Tomo un baño rápido, tomo su ropa para la escuela, la misma de ayer porque no
tenia para otra. Fue a la cocina, su tía había preparado huevos revuelto y un par
de tortillas. Comió, lavo su plato a como sus padres le habían enseñado, recogió
la mesa y se despidió de inmediato eran las siete menos cuarto. El camino solía
tomarle entre 10 a 15 minutos a paso rápido. Pero ni en los sueños más remotos
Fermín iba a permitir que le arrebataran más el tiempo, saco su libro y camino
entre su lectura. Cuando se percató a penas llevaba medio camino, cerro el libro
y echo a correr hacia el colegio, llego justo cuando el portero estaba colocando el
candado.
Don Felipe, no gozaba de una buena vista, pues se rehusaba a usar lentes.
Fermín siguió corriendo, volvió a gritar con voz de cansancio y por pura suerte el
anciano logro verlo para dejarlo entrar. Bajo por las escaleras que llevaban al
gran patio del colegio y tomo un atajo entre las plantas para llegar cuanto antes
al aula. Cuando llego su profesora lo vio en el marco de la puerta y el resto de sus
compañeros entusiasmados, empezaron el canto de los tarderos.

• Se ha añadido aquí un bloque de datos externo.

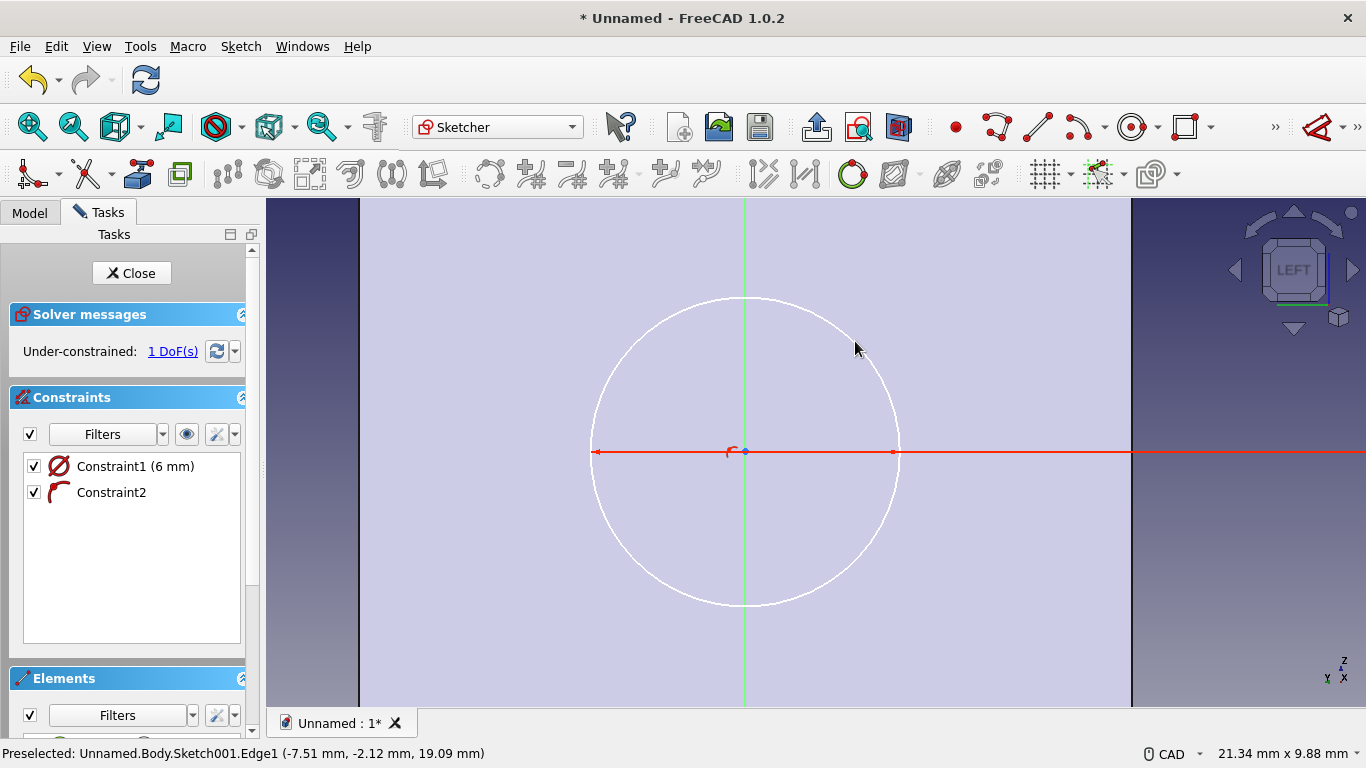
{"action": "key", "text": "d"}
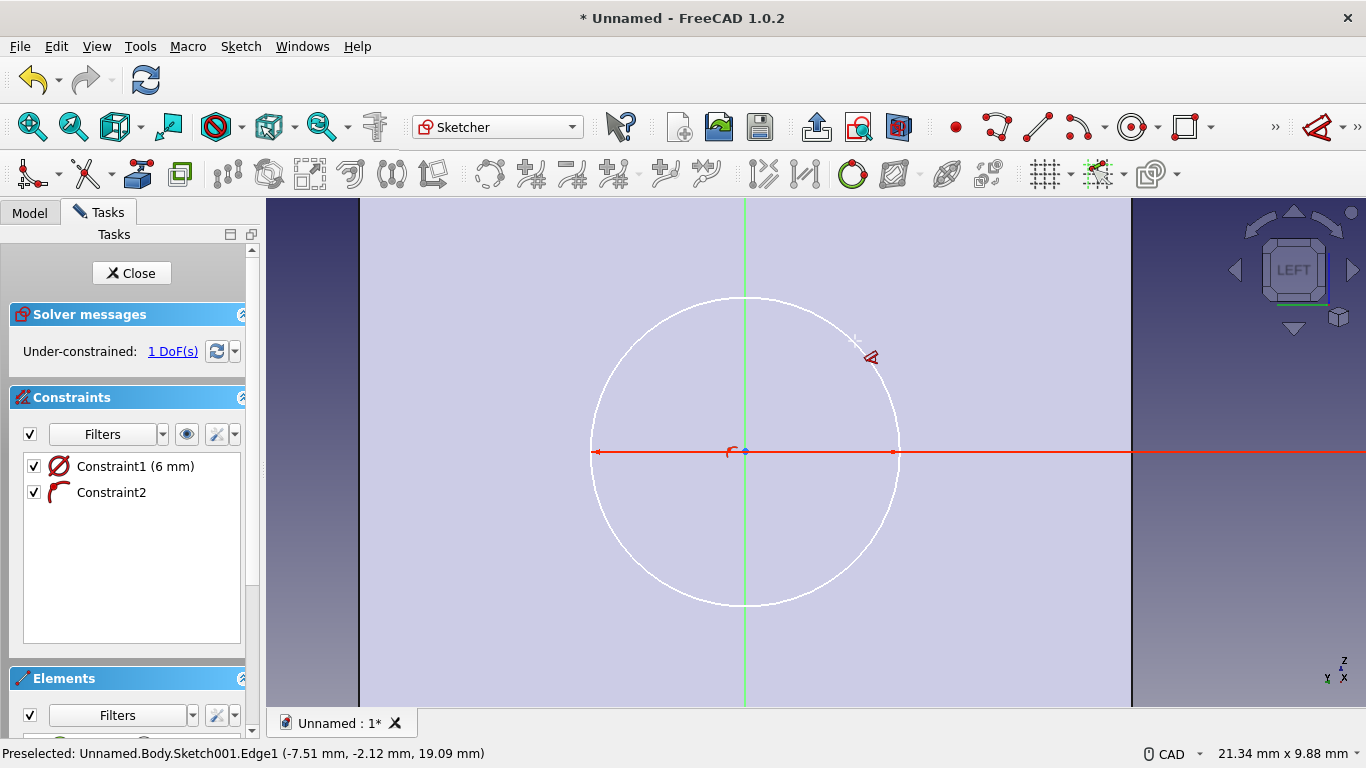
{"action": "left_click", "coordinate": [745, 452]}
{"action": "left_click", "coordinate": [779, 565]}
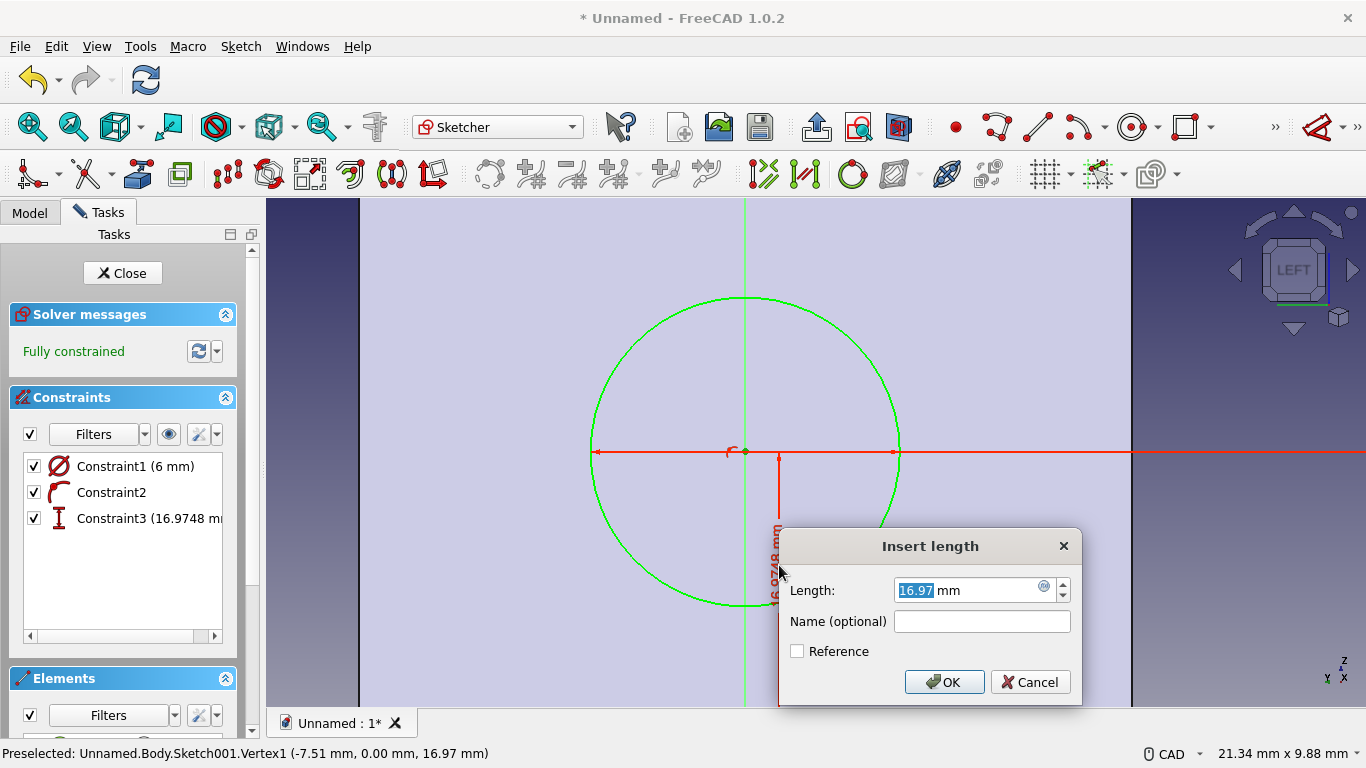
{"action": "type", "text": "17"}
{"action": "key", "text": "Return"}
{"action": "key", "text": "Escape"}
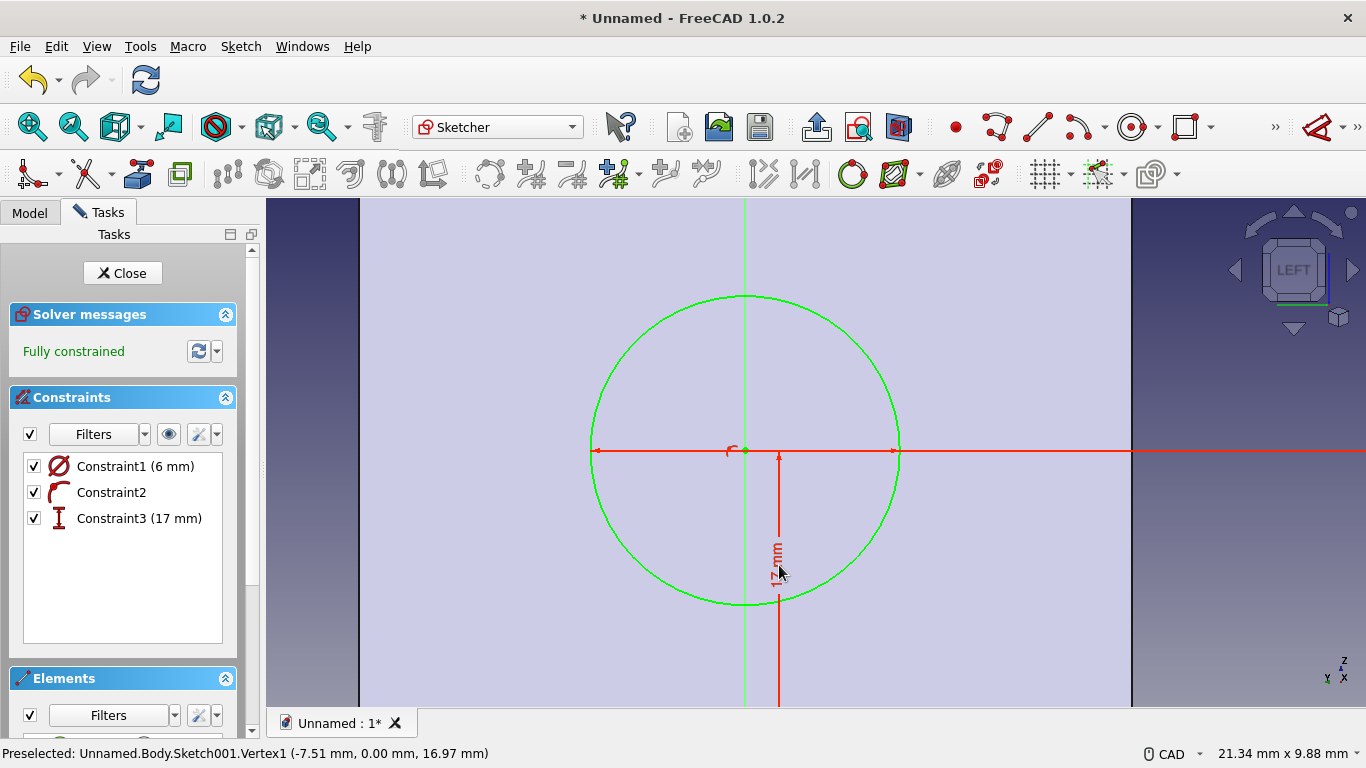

— ¡Llega tarde, tortuga otra vez! —cantaron todos al unisonó— ¡Llega tarde
tortuga otra vez!
— ¿Qué haces?
— Simplemente te acompaño —dijo Bea colocándose a su lado— ¿Lo has
empezado?
— ¿Qué he empezado?
— Pues el libro niño tonto —protesto de nuevo Bea— ¿Acaso no te interesaba
leerlo?
Llegados al lugar, Bea le observo de frente, sin decir nada, mientras Fermín leía
impaciente. La historia lo llevaba por un encuentro del escritor con una editorial
que le propuso un trato, aunque parecía algo más tenebroso que un simple trato.
Fermín sentía los ojos de Bea en su rostro, como expectante de algo. Hizo lo
posible por no prestar atención, pero termino cediendo a los ojos de la niña.
Fermín trato de seguirla, pero cuando a penas le siguió el paso, ella entró al aula
de clases y su profesora en su escritorio solamente observaba volver a los
estudiantes a sus sillas. El tiempo de receso había terminado.